论文标题

在野兽中的在线贝叶斯系统动力学推断,并应用于流行病

Online Bayesian phylodynamic inference in BEAST with application to epidemic reconstruction

论文作者

Gill, Mandev S., Lemey, Philippe, Suchard, Marc A., Rambaut, Andrew, Baele, Guy

论文摘要

从遗传数据中重建病原体动力学在爆发或流行病期间可用,这代表了一个重要的统计场景,其中观察结果依次依次到达,并且有兴趣以“在线”方式进行推断。为此目的,未建立广泛使用的贝叶斯系统发育推理包,通常需要一个重新计算树木和新数据到达时从头开始的进化模型参数。

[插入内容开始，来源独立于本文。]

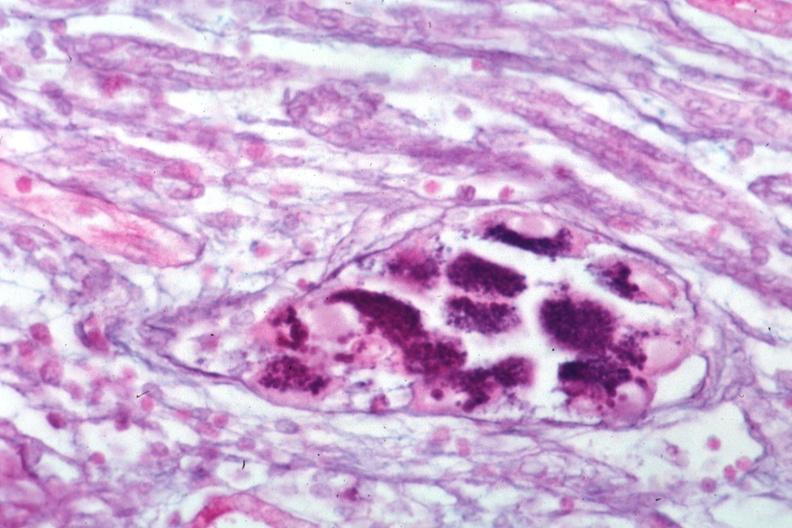does this image show pas-alcian blue?
Answer the question using a single word or phrase. Yes 
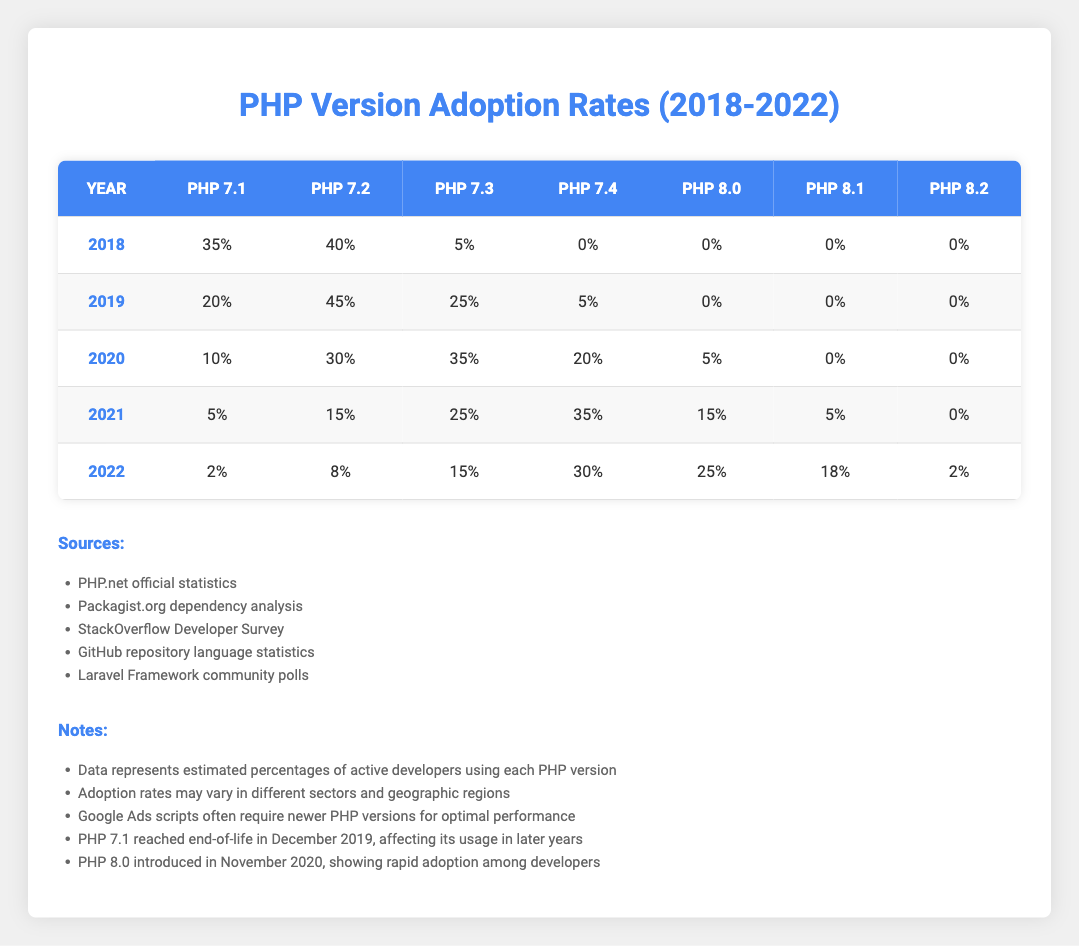What was the adoption rate of PHP 7.4 in 2021? In the year 2021, the adoption rate for PHP 7.4 is shown in the table, specifically in that row under the "PHP 7.4" column. It indicates a rate of 35%.
Answer: 35% Which version had the highest adoption rate in 2019? Referring to the 2019 row, the "PHP 7.2" column shows the highest number at 45%, which is greater than the other versions listed for that year.
Answer: PHP 7.2 What was the average adoption rate of PHP 8.0 across the years displayed? To find the average, sum the adoption rates for PHP 8.0 across all years: (0 + 0 + 5 + 15 + 25) = 45. Then divide by the number of years (5), which results in 45/5 = 9.
Answer: 9% Is it true that PHP 7.1 had any adoption rate in 2022? Checking the 2022 row under the "PHP 7.1" column shows a rate of 2%, which confirms that it did have an adoption rate that year.
Answer: Yes What is the difference in adoption rates of PHP 7.3 between 2018 and 2022? The adoption rate for PHP 7.3 in 2018 is 5%, and in 2022 it is 15%. To find the difference, subtract the 2018 rate from the 2022 rate: 15% - 5% = 10%.
Answer: 10% Which PHP version saw the greatest increase in adoption from 2020 to 2021? Looking at the rates, PHP 7.4 had an increase from 20% in 2020 to 35% in 2021, which is a rise of 15%. PHP 8.0 also increased from 5% to 15%, a rise of 10%. The greatest increase is thus for PHP 7.4.
Answer: PHP 7.4 What percentage of developers used PHP 8.1 in 2022? The table shows that in 2022, the adoption rate for PHP 8.1 is 18%, found in that specific row under the "PHP 8.1" column.
Answer: 18% In 2020, what version had the lowest adoption rate? The adoption rates for 2020 for all versions must be compared: PHP 7.1 (10%), 7.2 (30%), 7.3 (35%), 7.4 (20%), PHP 8.0 (5%). The lowest is from PHP 8.0.
Answer: PHP 8.0

为了适应贝叶斯系统发育框架中增加的数据流,我们引入了一种方法,以有效地使用新近可用的遗传数据更新后验分布。我们的程序是在BEAST 1.10软件包中实施的,并依靠基于距离的措施将新的分类单元插入系统发育的当前估计值,并为新模型参数提供了合理的值,以适应增长的维度。这种增强创造了知情的起始价值并重新使用最佳调整的过渡内核,以后验探索不断增长的数据集,从而减少了收敛到目标后分布所需的时间。我们将我们的框架应用于最近西非埃博拉病毒流行病的数据,并证明在爆发的不同时间点获得后验估计所需的时间大大减少。除了流行监测之外,该框架还可以轻松地在系统发育社区中找到其他应用程序,在该社区中,数据的变化(就一致性变化,序列添加或删除而言)提供了可以从在线推论中受益的常见场景。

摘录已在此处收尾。